# FA coding.



## And#M3# (Jul 27, 2017)

Hello,

My name is Anderson, I'm from Brasil and I work in a Car's Dealer.

I'm new here and I'd like to know about FA coding. I'm trying the E-sys free version, however if someone knows how can I get the Pro version, please give some help.

Regards:thumbup:


----------



## hornhospital (Jan 7, 2008)

Welcome to Bimmerfest, Anderson!

I moved your posting to the Coding and Programming forum, where you should get some help.


----------



## Almaretto (Nov 17, 2015)

And#M3# said:


> Hello,
> 
> My name is Anderson, I'm from Brasil and I work in a Car's Dealer.
> 
> ...


There is no Pro version of E-sys. There is Premium and Pro Launcher, but neither are needed for FA coding.

Details on FA/VO coding are in S*TICKY:

Coding: Getting Started Guides, Tips, & Cheat Sheets


----------



## And#M3# (Jul 27, 2017)

Thanks for your help Almaretto.
Today I was coding an F25 and I had to wait for 48h to start work in the E-sys Launcher Premium. Do you know where can I find the PRO LAUNCHER version.
I sent an email to the Tokenmaster, however, nobody answered. Maybe the email was incorrect, if someone has this information I'll really appreciate it.


----------



## shawnsheridan (Jan 10, 2009)

And#M3# said:


> Thanks for your help Almaretto.
> Today I was coding an F25 and I had to wait for 48h to start work in the E-sys Launcher Premium. Do you know where can I find the PRO LAUNCHER version.
> I sent an email to the Tokenmaster, however, nobody answered. Maybe the email was incorrect, if someone has this information I'll really appreciate it.

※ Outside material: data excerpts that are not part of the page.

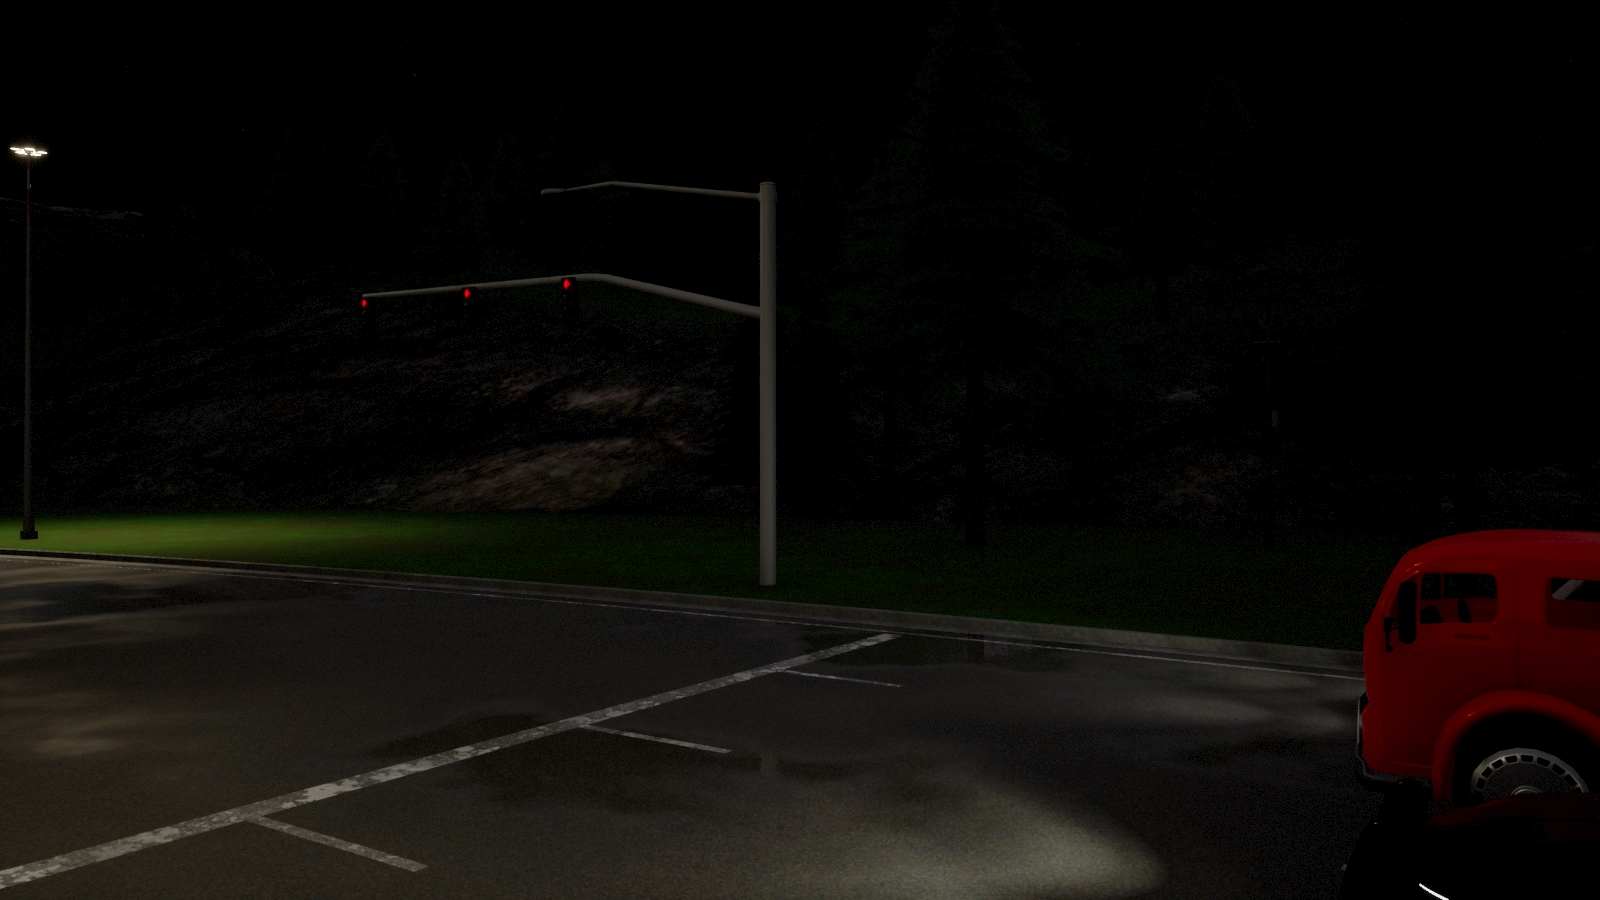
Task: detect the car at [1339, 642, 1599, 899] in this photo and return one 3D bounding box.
[{"bbox_3d":[5.200,1.982,4.552,5.238,1.638,2.097,0,0,35],"label":"car"}]

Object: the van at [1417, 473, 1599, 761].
[{"bbox_3d":[9.028,1.534,10.264,5.915,2.561,1.988,0,0,36],"label":"van"}]

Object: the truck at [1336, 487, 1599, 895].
[{"bbox_3d":[6.669,1.569,7.668,5.204,2.467,2.627,0,0,34],"label":"truck"}]

TokenMaster has been unreachable since March.


----------



## Almaretto (Nov 17, 2015)

And#M3# said:


> Thanks for your help Almaretto.
> Today I was coding an F25 and I had to wait for 48h to start work in the E-sys Launcher Premium. Do you know where can I find the PRO LAUNCHER version.
> I sent an email to the Tokenmaster, however, nobody answered. Maybe the email was incorrect, if someone has this information I'll really appreciate it.


Email is right on all his programs. Unfortunately, only TM can provide Pro EST token, so no use in sending installation as he has been MIA for an extended period. Many, including myself, are waiting for his return.


----------